Montagnes russes pour la livre
La livre a joué les montagnes russes en août. Par rapport à l’euro, la monnaie britannique a affiché une vigueur qu'elle n'avait plus atteinte depuis environ deux ans à la mi-juillet (EUR/GBP +/- 0,84). Par rapport au dollar américain, le cable (cours GBP/USD) a testé le seuil de 1,30 pour la première fois depuis la mi-2023. La donne a changé par la suite. La Banque d’Angleterre a abaissé son taux d’intérêt pour la première fois en début de mois. Peu de temps après, des nuages menaçants se sont accumulés au-dessus des marchés financiers, entraînant un repositionnement hostile au risque, auquel la livre n’a pas échappé. Le cours EUR/GBP est rapidement passé de 0,84 à 0,86. Le cours GPB/USD a franchi le seuil de résistance de 1,30 et a pris la direction de 1,27. Depuis, il n'y a pratiquement plus aucune trace de ces pertes. Le cable a même touché un sommet sur deux ans, dans le haut de 1,32. Nous nous intéressons aujourd'hui à ce dernier mouvement.

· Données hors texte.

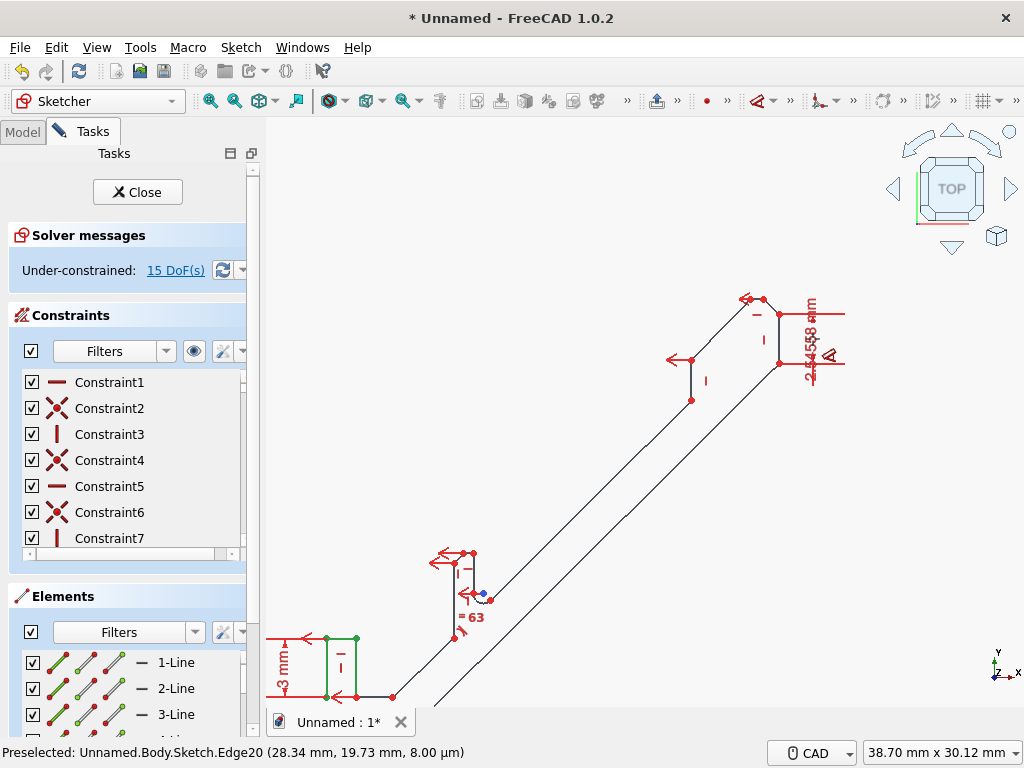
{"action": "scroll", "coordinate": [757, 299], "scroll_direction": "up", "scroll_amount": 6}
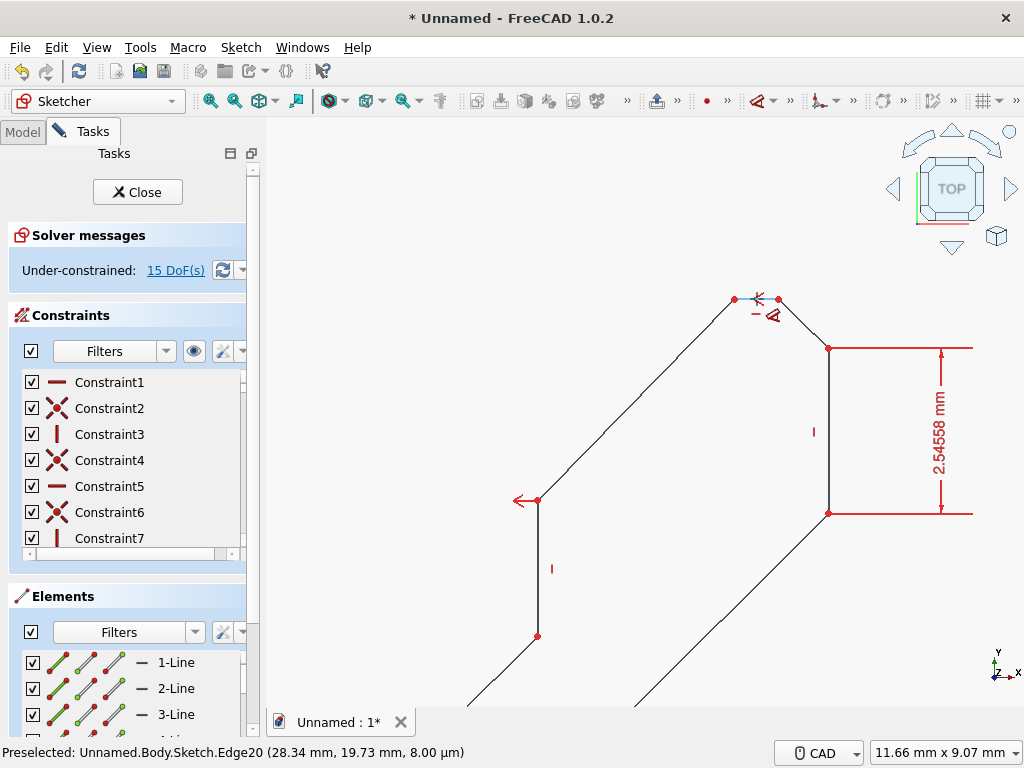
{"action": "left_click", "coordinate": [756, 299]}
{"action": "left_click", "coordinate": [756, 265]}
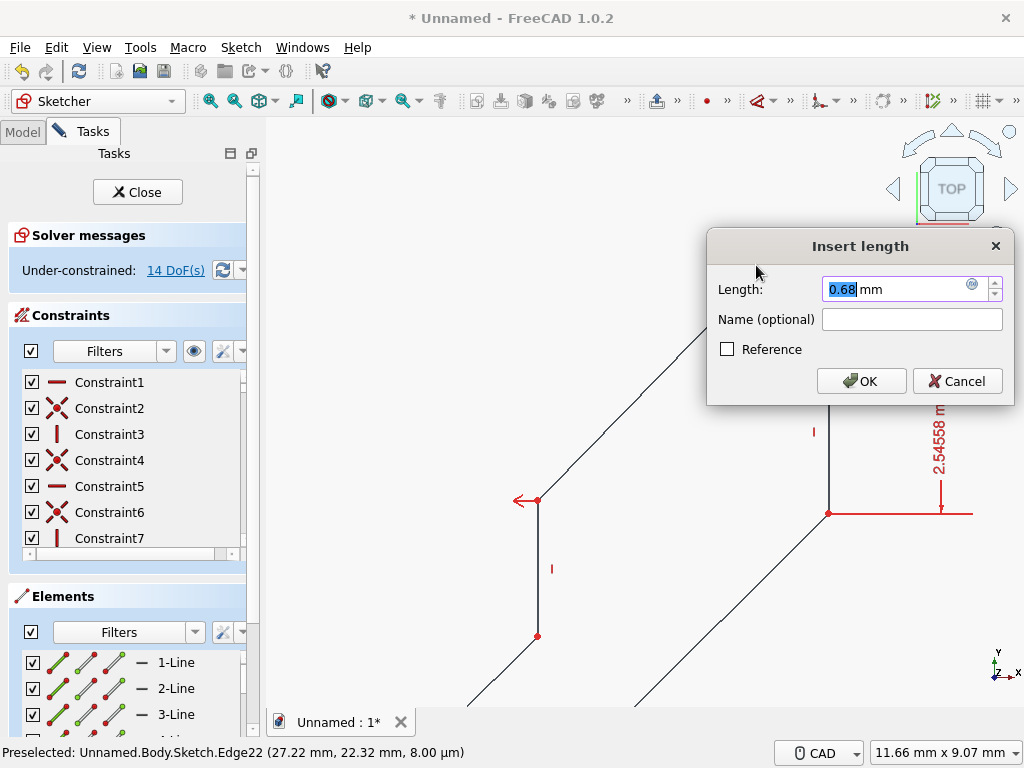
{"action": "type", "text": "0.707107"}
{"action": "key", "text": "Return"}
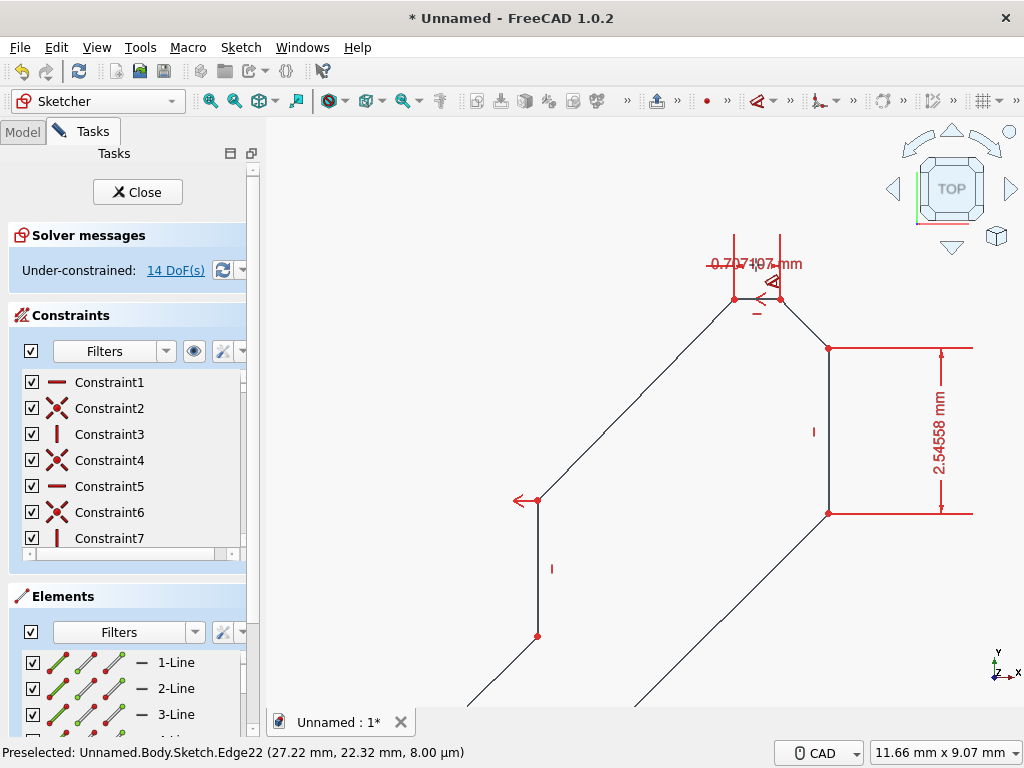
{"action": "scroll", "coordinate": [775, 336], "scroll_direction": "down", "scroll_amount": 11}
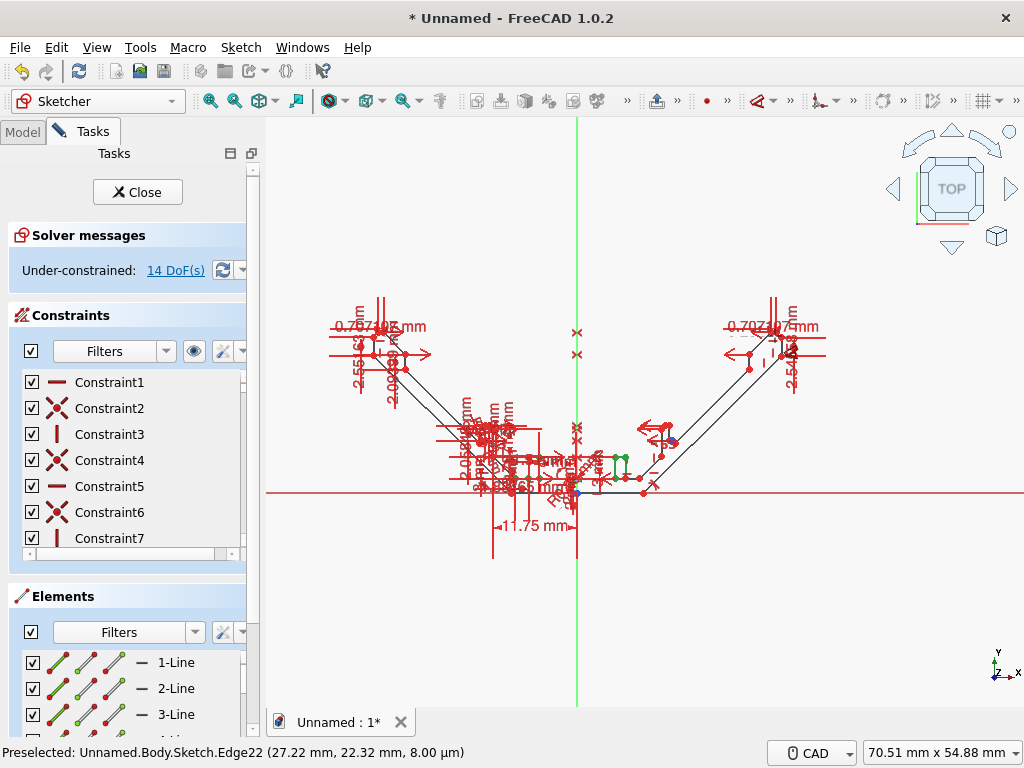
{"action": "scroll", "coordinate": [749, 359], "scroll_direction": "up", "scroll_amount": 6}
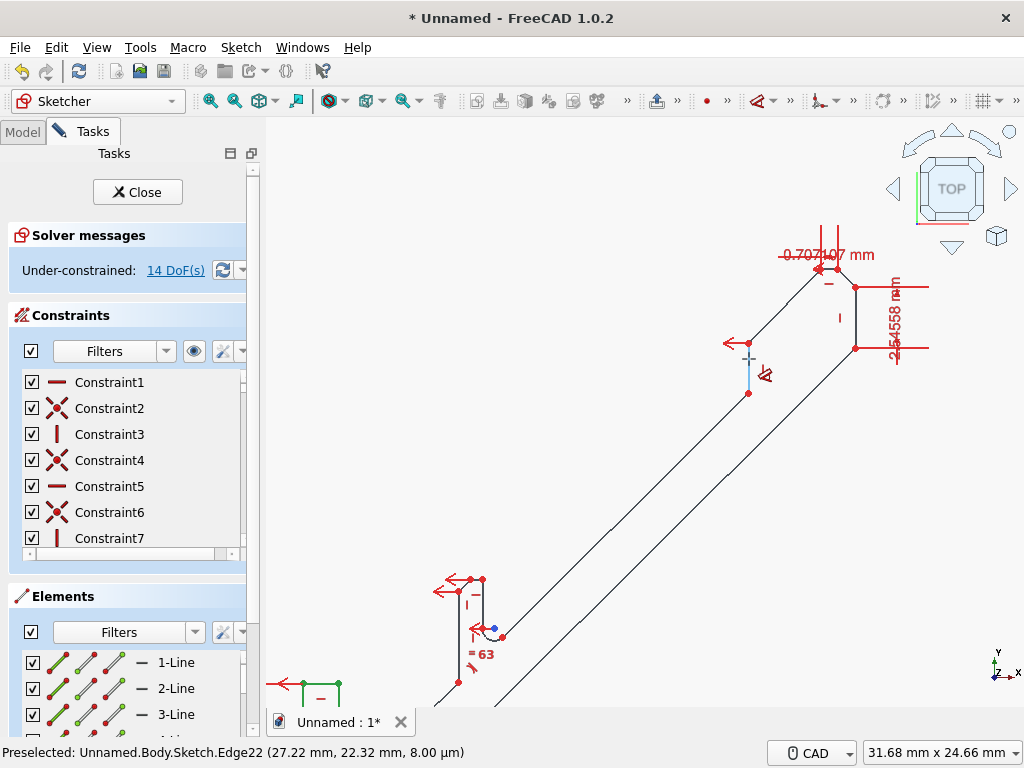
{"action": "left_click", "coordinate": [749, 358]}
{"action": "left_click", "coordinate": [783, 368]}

Celui-ci a initialement été provoqué par le rapide retour au calme sur le marché, comme en atteste l'évolution des indices boursiers en Europe ou aux États-Unis. Les facteurs domestiques ont ensuite pris le relais. Comme d’habitude, le Royaume-Uni a publié toute une batterie de chiffres économiques à la mi-août. Ces derniers ont fait état d'un marché de l’emploi solide, d'un secteur industriel et d'un commerce de détail en pleine reprise et d'une croissance robuste au deuxième trimestre. Les principaux indicateurs PMI de confiance des entreprises (août) ont été la cerise sur le gâteau. Les taux d’inflation inférieurs aux prévisions font figure d’exception à la règle, mais n’ont interrompu le rebond de la GBP que pendant un moment. L’inflation de base de 3,3 % et l’inflation des services de 5,2 % pointent en outre toujours une forte tension sous-jacente sur les prix.
La situation économique au Royaume-Uni contraste de plus en plus avec celle dans la zone euro et même celle aux États-Unis. La première stagne alors que la seconde ne cesse de ralentir. Au final, cela a poussé le gouverneur de la Banque d’Angleterre, Andrew Bailey, à délivrer un message fondamentalement différent lors du symposium de Jackson Hole la semaine dernière. Si le discours tant attendu du président de la Fed, Jerome Powell, pourrait être résumé par la phrase « l'heure est venue d’ajuster la politique », celui de Bailey pourrait être résumé par la phrase « le travail n’est pas terminé ».
Sur le plan monétaire, cela signifie que la Fed et la BCE vont abaisser leurs taux en septembre, mais que la Banque d’Angleterre s'abstiendra. Le marché monétaire britannique table d’ailleurs sur une réduction cumulée de « seulement » 175 points de base (à 3,5 %) sur l’ensemble du cycle d'assouplissement. À titre de comparaison, les baisses sont attendues à 225-250 pb (3 %) aux États-Unis et à 200 pb (2 %) dans la zone euro. Ce positionnement tranché est à la base de la vigueur de la livre sterling. Mais qui dit « tranché » dit parfois aussi « unilatéral », avec le risque d’une contre-réaction. Toutefois, il n'y a aucune raison de s’opposer à la dynamique de la livre tant que l’écart avec la zone euro et les États-Unis persistera. Le cours EUR/GBP se prépare à tester le plus bas de juillet susmentionné (0,838). Dans notre scénario privilégié, cette zone de soutien technique tiendra, et donc aussi la fourchette latérale à court terme de 0,84-0,86. Une rupture à la baisse ouvrira en principe la voie vers 0,82, avec quelques arrêts intermédiaires (0,834 et 0,825). Pour le cable, un important seuil de résistance se situe autour de 1,35, mais une fois ce cap passé, la voie sera libre pour un retour au sommet de 2021 (1,425).